[ACTIVITY] Retrieve each line that contains the word "centre" from the entries below.

[INPUT MATERIAL]
--------------------
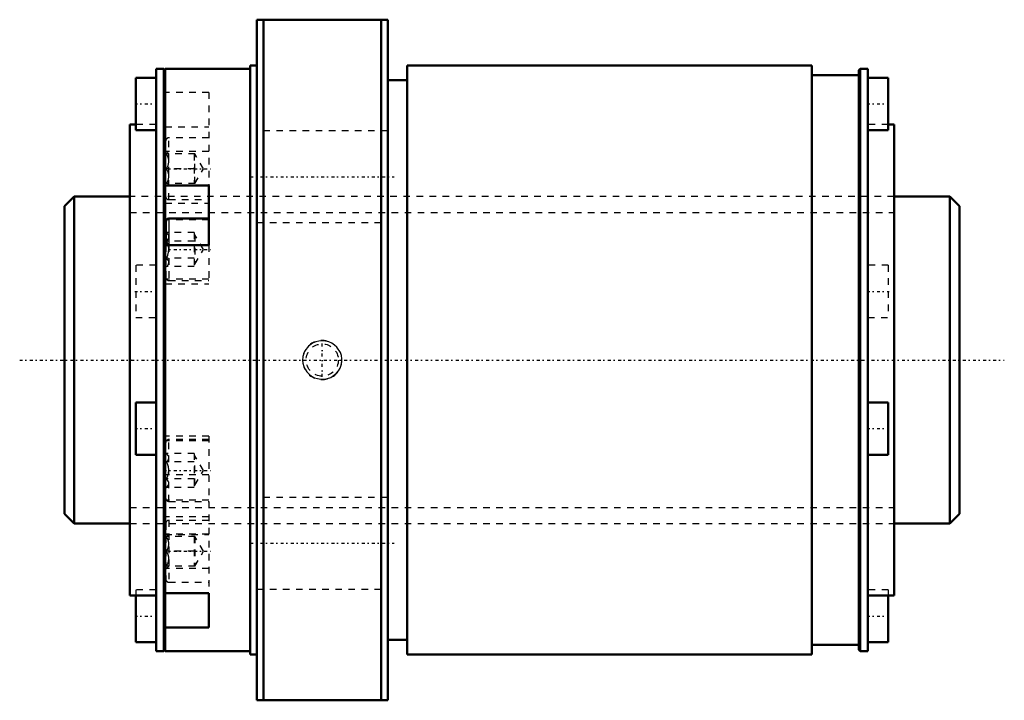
# Model space of a CAD drawing. Header units: millimetres. Extents: x -17 to 134, y -52 to 52.
import ezdxf

# ---------------------------------------------------------------- set-up
doc = ezdxf.new("R2010")
doc.units = ezdxf.units.MM
doc.linetypes.add('Center', pattern=[1.5, 0.45, -0.5, 0.05, -0.5])
doc.linetypes.add('Dashed', pattern=[2, 1, -1])
for name, color, linetype, lineweight in [('2d ConnectionPoints', 7, 'Continuous', 50), ('AM_0', 7, 'Continuous', 50), ('AM_4', 3, 'Continuous', 25), ('AM_5', 3, 'Continuous', 25), ('AM_7', 7, 'Center', 25), ('AM_9', 6, 'Dashed', 25)]:
    doc.layers.add(name, color=color, linetype=linetype, lineweight=lineweight)

# ---------------------------------------------------------------- blocks, each defined once
blk = doc.blocks.new('1_RR0130BLK5050_3_6Nut_0_in_BLK5050_3_6ZZG1_136_8LC3_0_1300_4')
at = {"layer": 'AM_0'}
for p, q in [((19.4, 52), (39.4, 52)), ((19.4, 52), (19.4, -52)), ((20.4, 52), (20.4, -52)), ((38.4, 52), (38.4, -52)), ((39.4, 52), (39.4, -52)), ((4, 44.5), (4, -44.5)), ((5.19, 44.5), (4, 44.5)), ((5.4, 44.29), (5.19, 44.5)), ((5.19, 44.5), (5.19, -44.5)), ((18.4, 44.5), (5.4, 44.5)), ((5.4, 44.5), (5.4, -44.5)), ((18.4, 45), (18.4, -45)), ((19.4, 45), (18.4, 45)), ((42.4, 45), (42.4, -45)), ((104.2, 45), (42.4, 45)), ((104.2, 45), (104.2, -45)), ((111.61, 44.5), (111.4, 44.29)), ((111.4, 44.29), (111.4, -44.29)), ((112.8, 44.5), (111.61, 44.5)), ((111.61, 44.5), (111.61, -44.5)), ((112.8, 44.5), (112.8, -44.5)), ((0.9, 43.12), (0.9, 35.12)), ((4, 43.12), (0.9, 43.12)), ((42.4, 42.75), (39.4, 42.75)), ((111.4, 43.5), (104.2, 43.5)), ((115.9, 43.12), (112.8, 43.12)), ((115.9, 43.12), (115.9, 35.12)), ((0, 36), (0, -36)), ((0.9, 36), (0, 36)), ((0.9, 35.12), (4, 35.12)), ((112.8, 35.12), (115.9, 35.12)), ((116.8, 36), (115.9, 36)), ((116.8, 36), (116.8, -36)), ((5.4, 26.64), (12.07, 26.64)), ((12.07, 17.55), (12.07, 26.64)), ((5.5, 21.15), (5.5, 17.55)), ((12.07, 21.6), (5.95, 21.6)), ((12.07, 17.55), (5.4, 17.55)), ((0.9, -6.48), (0.9, -14.48)), ((4, -6.48), (0.9, -6.48)), ((115.9, -6.48), (112.8, -6.48)), ((115.9, -6.48), (115.9, -14.48)), ((0.9, -14.48), (4, -14.48)), ((112.8, -14.48), (115.9, -14.48)), ((0, -36), (4, -36)), ((0.9, -36), (0.9, -43.12)), ((5.4, -35.64), (12.07, -35.64)), ((12.07, -40.89), (12.07, -35.64)), ((112.8, -36), (116.8, -36)), ((115.9, -36), (115.9, -43.12)), ((12.07, -40.89), (5.4, -40.89)), ((0.9, -43.12), (4, -43.12)), ((39.4, -42.75), (42.4, -42.75)), ((104.2, -43.5), (111.4, -43.5)), ((112.8, -43.12), (115.9, -43.12)), ((4, -44.5), (5.19, -44.5)), ((5.19, -44.5), (5.4, -44.29)), ((5.4, -44.5), (18.4, -44.5)), ((18.4, -45), (19.4, -45)), ((42.4, -45), (104.2, -45)), ((111.4, -44.29), (111.61, -44.5)), ((111.61, -44.5), (112.8, -44.5)), ((39.4, -52), (19.4, -52))]:
    blk.add_line(p, q, dxfattribs=at)
blk.add_arc((5.95, 21.15), 0.45, 90, 180, dxfattribs=at)
at = {"layer": 'AM_4'}
for p, q in [((5.59, 21.42), (5.4, 21.42)), ((5.95, 21.6), (5.95, 17.55))]:
    blk.add_line(p, q, dxfattribs=at)
at = {"layer": 'AM_5', "linetype": 'Dashed'}
blk.add_arc((29.4, 0), 3, 75, 15, dxfattribs=at)
at = {"layer": 'AM_7'}
for p, q in [((0.74, 39.12), (4.16, 39.12)), ((112.64, 39.12), (116.06, 39.12)), ((5.17, 29.23), (12.39, 29.23)), ((18.4, 28), (40.4, 28)), ((5.17, 16.88), (12.39, 16.88)), ((0.74, 10.48), (4.16, 10.48)), ((112.64, 10.48), (116.06, 10.48)), ((29.4, -2.58), (29.4, 2.58)), ((0.74, -10.48), (4.16, -10.48)), ((112.64, -10.48), (116.06, -10.48)), ((5.17, -16.88), (12.39, -16.88)), ((18.4, -28), (40.4, -28)), ((5.17, -29.23), (12.39, -29.23)), ((0.74, -39.12), (4.16, -39.12)), ((112.64, -39.12), (116.06, -39.12))]:
    blk.add_line(p, q, dxfattribs=at)
at = {"layer": 'AM_9'}
for p, q in [((12.07, 40.89), (5.4, 40.89)), ((12.07, 40.89), (12.07, 26.64)), ((4, 36), (0.9, 36)), ((5.4, 35.64), (12.07, 35.64)), ((39.4, 35), (19.4, 35)), ((115.9, 36), (112.8, 36)), ((5.5, 24.95), (5.5, 33.5)), ((12.07, 33.95), (5.95, 33.95)), ((5.95, 24.5), (5.95, 33.95)), ((12.07, 31.85), (5.4, 31.85)), ((5.95, 31.48), (5.5, 31.93)), ((9.94, 31.48), (5.6, 31.48)), ((9.84, 31.48), (9.84, 26.98)), ((11.24, 29.23), (9.94, 31.48)), ((9.94, 26.98), (9.94, 31.48)), ((9.84, 29.23), (5.6, 29.23)), ((9.94, 26.98), (11.24, 29.23)), ((12.07, 26.6), (5.4, 26.6)), ((5.5, 26.53), (5.95, 26.98)), ((9.94, 26.98), (5.6, 26.98)), ((116.8, 25), (0, 25)), ((5.95, 24.5), (12.07, 24.5)), ((5.4, 23.98), (12.07, 23.98)), ((12.07, 21.42), (5.59, 21.42)), ((5.6, 19.47), (5.5, 19.57)), ((19.4, 21), (39.4, 21)), ((9.84, 19.47), (5.6, 19.47)), ((9.84, 18.17), (5.6, 18.17)), ((9.84, 19.47), (9.84, 14.28)), ((9.94, 19.12), (9.84, 19.12)), ((9.94, 19.12), (9.94, 14.62)), ((11.24, 16.88), (9.94, 19.12)), ((5.5, 17.55), (5.5, 12.6)), ((5.95, 17.55), (5.95, 12.15)), ((9.94, 14.62), (11.24, 16.88)), ((12.07, 17.55), (12.07, 11.62)), ((9.84, 15.58), (5.6, 15.58)), ((0.9, 14.48), (0.9, 6.48)), ((4, 14.48), (0.9, 14.48)), ((5.5, 14.18), (5.6, 14.28)), ((9.84, 14.28), (5.6, 14.28)), ((9.84, 14.62), (9.94, 14.62)), ((115.9, 14.48), (112.8, 14.48)), ((115.9, 14.48), (115.9, 6.48)), ((12.07, 12.33), (5.4, 12.33)), ((5.95, 12.15), (12.07, 12.15)), ((5.4, 11.62), (12.07, 11.62)), ((0.9, 6.48), (4, 6.48)), ((112.8, 6.48), (115.9, 6.48)), ((12.07, -11.63), (5.4, -11.63)), ((12.07, -11.63), (12.07, -35.64)), ((12.07, -12.33), (5.4, -12.33)), ((5.5, -21.15), (5.5, -12.6)), ((12.07, -12.15), (5.95, -12.15)), ((5.95, -21.6), (5.95, -12.15)), ((5.6, -14.28), (5.5, -14.18)), ((9.84, -14.28), (5.6, -14.28)), ((9.84, -14.28), (9.84, -19.47)), ((9.94, -14.62), (9.84, -14.62)), ((11.24, -16.88), (9.94, -14.62)), ((9.94, -19.12), (9.94, -14.62)), ((9.84, -15.58), (5.6, -15.58)), ((12.07, -17.55), (5.4, -17.55)), ((9.94, -19.12), (11.24, -16.88)), ((5.5, -19.57), (5.6, -19.47)), ((9.84, -18.17), (5.6, -18.17)), ((9.84, -19.47), (5.6, -19.47)), ((9.84, -19.12), (9.94, -19.12)), ((39.4, -21), (19.4, -21)), ((12.07, -21.42), (5.4, -21.42)), ((5.95, -21.6), (12.07, -21.6)), ((12.07, -23.98), (5.4, -23.98)), ((0, -25), (116.8, -25)), ((5.5, -24.95), (5.5, -33.5)), ((5.95, -24.5), (5.95, -33.95)), ((12.07, -24.5), (5.95, -24.5)), ((12.07, -26.6), (5.4, -26.6)), ((5.4, -26.64), (12.07, -26.64)), ((5.95, -26.98), (5.5, -26.53)), ((9.94, -26.98), (5.6, -26.98)), ((9.84, -26.98), (9.84, -31.48)), ((11.24, -29.23), (9.94, -26.98)), ((9.94, -26.98), (9.94, -31.48)), ((9.84, -29.23), (5.6, -29.23)), ((9.94, -31.48), (11.24, -29.23)), ((5.5, -31.93), (5.95, -31.48)), ((9.94, -31.48), (5.6, -31.48)), ((12.07, -31.85), (5.4, -31.85)), ((5.95, -33.95), (12.07, -33.95)), ((0.9, -35.12), (0.9, -36)), ((4, -35.12), (0.9, -35.12)), ((19.4, -35), (39.4, -35)), ((115.9, -35.12), (112.8, -35.12)), ((115.9, -35.12), (115.9, -36))]:
    blk.add_line(p, q, dxfattribs=at)
for points in [[(5.6, 29.23), (5.83, 29.7), (5.94, 30.21), (5.94, 30.57), (5.85, 30.94), (5.6, 31.48)], [(5.6, 26.98), (5.83, 27.45), (5.94, 27.96), (5.94, 28.32), (5.85, 28.69), (5.6, 29.23)], [(5.6, 18.17), (5.83, 18.44), (5.94, 18.74), (5.94, 18.95), (5.85, 19.16), (5.6, 19.47)], [(5.6, 15.58), (5.79, 16.02), (5.91, 16.48), (5.95, 16.95), (5.88, 17.43), (5.73, 17.88), (5.6, 18.17)], [(5.6, 14.28), (5.83, 14.55), (5.94, 14.84), (5.94, 15.05), (5.85, 15.26), (5.6, 15.58)], [(27.3, 2.1), (26.76, 1.4), (26.56, 0.95), (26.44, 0.47), (26.4, -0.02), (26.44, -0.5), (26.57, -0.97), (26.77, -1.41), (27.04, -1.81), (27.38, -2.17), (27.77, -2.47), (28.21, -2.7), (28.69, -2.85), (29.2, -2.93), (29.71, -2.92), (30.21, -2.83), (30.7, -2.65), (31.14, -2.39), (31.54, -2.06), (31.87, -1.67), (32.12, -1.24), (32.29, -0.77), (32.38, -0.29), (32.39, 0.2), (32.32, 0.68), (32.17, 1.14), (31.64, 1.95), (31.28, 2.29), (30.87, 2.56), (30.41, 2.76), (29.92, 2.89), (29.41, 2.94), (28.9, 2.9), (28.4, 2.77), (27.93, 2.56), (27.3, 2.1)], [(5.6, -15.58), (5.83, -15.31), (5.94, -15.01), (5.94, -14.8), (5.85, -14.59), (5.6, -14.28)], [(5.6, -18.17), (5.79, -17.73), (5.91, -17.27), (5.95, -16.8), (5.88, -16.32), (5.73, -15.87), (5.6, -15.58)], [(5.6, -19.47), (5.83, -19.2), (5.94, -18.91), (5.94, -18.7), (5.85, -18.49), (5.6, -18.17)], [(5.6, -29.23), (5.83, -28.76), (5.94, -28.24), (5.94, -27.88), (5.85, -27.52), (5.6, -26.98)], [(5.6, -31.48), (5.83, -31.01), (5.94, -30.49), (5.94, -30.13), (5.85, -29.77), (5.6, -29.23)]]:
    blk.add_lwpolyline(points, dxfattribs=at)
blk.add_circle((29.4, 0), 2.46, dxfattribs=at)
for centre, start, end in [((5.95, 33.5), 90, 180), ((5.95, 24.95), 180, 270), ((5.95, 12.6), 180, 270), ((5.95, -12.6), 90, 180), ((5.95, -21.15), 180, 270), ((5.95, -24.95), 90, 180), ((5.95, -33.5), 180, 270)]:
    blk.add_arc(centre, 0.45, start, end, dxfattribs=at)
blk = doc.blocks.new('2_ZZ0130BLK5050_3_60Shaft_0_in_BLK5050_3_6ZZG1_136_8LC3_0_1300_4')
at = {"layer": 'AM_0'}
for p, q in [((-8.5, 25), (-10, 23.5)), ((0, 25), (-8.5, 25)), ((-8.5, 25), (-8.5, -25)), ((125.3, 25), (116.8, 25)), ((125.3, 25), (125.3, -25)), ((126.8, 23.5), (125.3, 25)), ((-10, 23.5), (-10, -23.5)), ((126.8, 23.5), (126.8, -23.5)), ((-10, -23.5), (-8.5, -25)), ((125.3, -25), (126.8, -23.5)), ((-8.5, -25), (0, -25)), ((116.8, -25), (125.3, -25))]:
    blk.add_line(p, q, dxfattribs=at)
at = {"layer": 'AM_5', "linetype": 'Dashed'}
for p, q in [((0, 22.5465), (116.8, 22.5465)), ((0, -22.5465), (116.8, -22.5465))]:
    blk.add_line(p, q, dxfattribs=at)
at = {"layer": 'AM_7'}
blk.add_line((-16.84, 0), (133.64, 0), dxfattribs=at)
at = {"layer": 'AM_9'}
for p, q in [((116.8, 25), (0, 25)), ((0, -25), (116.8, -25))]:
    blk.add_line(p, q, dxfattribs=at)

msp = doc.modelspace()

# ---------------------------------------------------------------- linework, layer by layer
at = {"layer": '2d ConnectionPoints'}
msp.add_point((0, 0), dxfattribs=at)

# ---------------------------------------------------------------- block references
for name in ['1_RR0130BLK5050_3_6Nut_0_in_BLK5050_3_6ZZG1_136_8LC3_0_1300_4', '2_ZZ0130BLK5050_3_60Shaft_0_in_BLK5050_3_6ZZG1_136_8LC3_0_1300_4']:
    msp.add_blockref(name, (0, 0))

doc.saveas('drawing.dxf')
--------------------
[RESULT OF THE EXERCISE]
for centre, start, end in [((5.95, 33.5), 90, 180), ((5.95, 24.95), 180, 270), ((5.95, 12.6), 180, 270), ((5.95, -12.6), 90, 180), ((5.95, -21.15), 180, 270), ((5.95, -24.95), 90, 180), ((5.95, -33.5), 180, 270)]:
    blk.add_arc(centre, 0.45, start, end, dxfattribs=at)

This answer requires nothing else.